As those five attacks were completed, intelligence and aerial observation reported that the Iraqis were repositioning their forces, apparently because the Iraqi commanders had judged the attacks to be the U.S. main effort, Wallace said.

"And it was about 3:00, maybe 4:00 in the afternoon on a beautiful sunlit day, low wind, no restrictions to flight, and at that point the U.S. Air Force had a heyday against those repositioning Iraqi forces," he said.

The combination of those combat operations plus the fact of having created a forward logistical supply base, Wallace said, led directly to the capture of Baghdad's airport just three days later.

"So if you're looking for a decisive point in the fight, for me, that was the decisive point," Wallace said.

Asked about the trouble the 11th Aviation's Apache attack helicopters ran into against the Iraqi Medina Division on March 23, Wallace said that "both the location of our attack aviation assembly areas and the fact that we were moving out of those assembly areas in the attack was announced to the enemy's air defense personnel by an Iraqi observer" located in An Najaf and using a cellular telephone with a speed-dial feature. An after-action review with the pilots and commanders led to changes in the use of attack aviation, he said, and two nights later they successfully conducted a deep operation to just north of Karbala.
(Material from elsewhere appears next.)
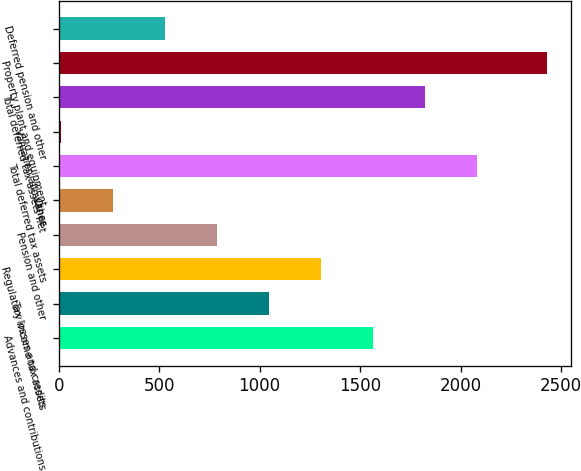<chart> <loc_0><loc_0><loc_500><loc_500><bar_chart><fcel>Advances and contributions<fcel>Tax losses and credits<fcel>Regulatory income tax assets<fcel>Pension and other<fcel>Other<fcel>Total deferred tax assets<fcel>Valuation allowance<fcel>Total deferred tax assets net<fcel>Property plant and equipment<fcel>Deferred pension and other<nl><fcel>1565.8<fcel>1048.2<fcel>1307<fcel>789.4<fcel>271.8<fcel>2083.4<fcel>13<fcel>1824.6<fcel>2429<fcel>530.6<nl></chart>

Currently, "Iraq's still a dangerous place," Wallace said, with residual regime elements and criminals let out of jail by Saddam Hussein. Questioned about security in Baghdad, he answered, "I'm not particularly concerned about security in Baghdad at all," other than occasional criminal elements.

Wallace also noted that the military had called for Baghdad's police force to return to work earlier this week, and some 4,000 police officer --- about 52 percent of the force --- reported for duty the next day. They are conducting joint patrols with the 18th Military Police Brigade and 4 and a half Army Military Police companies, he said. The police lack vehicles, he said, and making sure they get paid is a challenge, but he's confident the joint patrols will be a successful operation.

Apart from Baghdad, Wallace said a civil-military operations center opened in downtown Tikrit, Saddam Hussein's hometown, on May 6, "[s]o the people there are ... beginning to realize that the regime that they were closely associated with is no longer in control." Mosul selected an interim mayor May 6, he noted, and "great progress is being made in Kirkuk."

"And right now, today, this morning [May 7], I have no areas that I'm overly concerned about," Wallace said.